Thanks for posting that Kuba.  I was particularly interested in this bit

"For me The Triffids and The Go-Betweens are inimitable constellations. It would demand a more comprehensive drawing for me to explain why this delicate Australian sound - acoustic but rough at the same time, melancholy and definitely unsettling..."

in light of James having said this the other day:

One of the reasons I think Dave and I bonded fairly quickly at the start is that I was forthright in dismissing as ludicrous any claims that the Triffids sounded like the Go-Betweens or were in any respect indebted to them. I remember that when I first met Dave, comparisons with the Go-Betweens were being made all the time and had become something of a cross he was being forced to bear. ......

One of the things Dave couldn't say, but which I can, is that the Triffids were not the least bit inspired by the Go-Betweens and didn't need any pats on the back from them. I don't know much about the band's subsequent relations with the Go-Betweens - this is before the Triffids went to England - but I gather they were very friendly. I'd have to say that Dave was wryly amused, more than anything else, by the Go-Betweens comparisons, but nonetheless thought that they were simply ignorant. I recall on more than one occasion when Dave and I were together and he was speaking to someone who'd make the obligatory reference to the Go-Betweens, he would either scowl or shoot me a weary look. I think the fact that I was able to discern, as it seemed few other people could, the lack of affinity between the Triffids' and the Go-Betweens' music endeared me to him from the start.

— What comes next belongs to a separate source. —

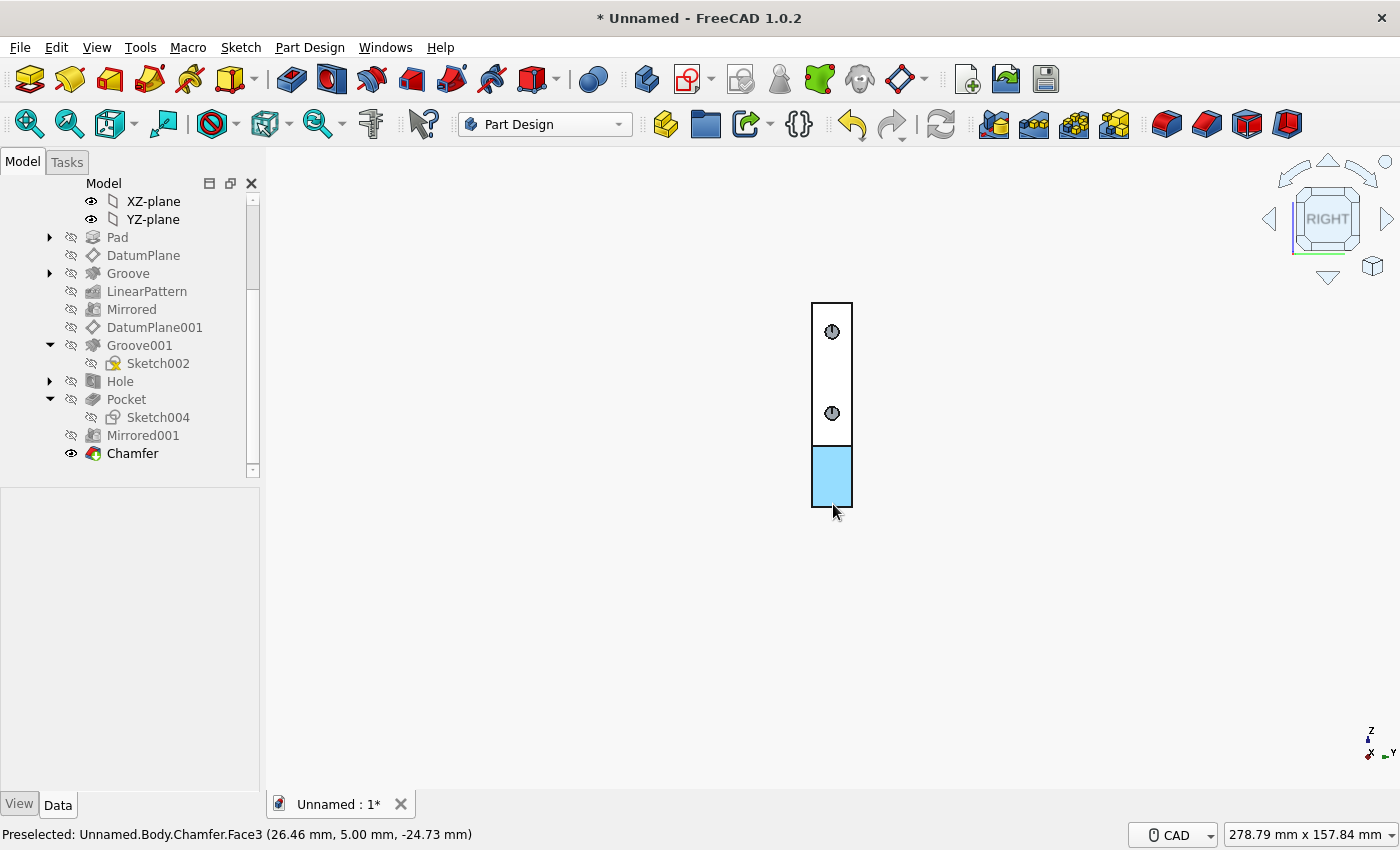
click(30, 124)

When I first read that I thought it was rather hard and rather lacking in empathy for the sort of people who come here.  I think it's fair to say that most of us here like both bands very much and, though I don't suppose many of us actually think they sound particularly similar, it can't really be denied that the two bands did share a sensibility of sorts, or at least, they evoked a similar response in people - as the chap up there says, "acoustic but rough at the same time, melancholy and definitely unsettling...".  Fair enough, right?  Is he wrong for applying that description to both bands?  I'm guessing the majority of people here would recognise it right away.  Sure they don't sound alike but declaring the "lack of affinity between the Triffids' and the Go-Betweens' music" feels to me like an attempt to dictate what can't be dictated - that being how people hear stuff and think about it and make associations for themselves that reflect the unfolding of their own lives and their understanding of the world.   How about it?  Did the two of you dismiss the possibility of that more emotional connection as well as the more dismissable musical one?  Or did it even come up?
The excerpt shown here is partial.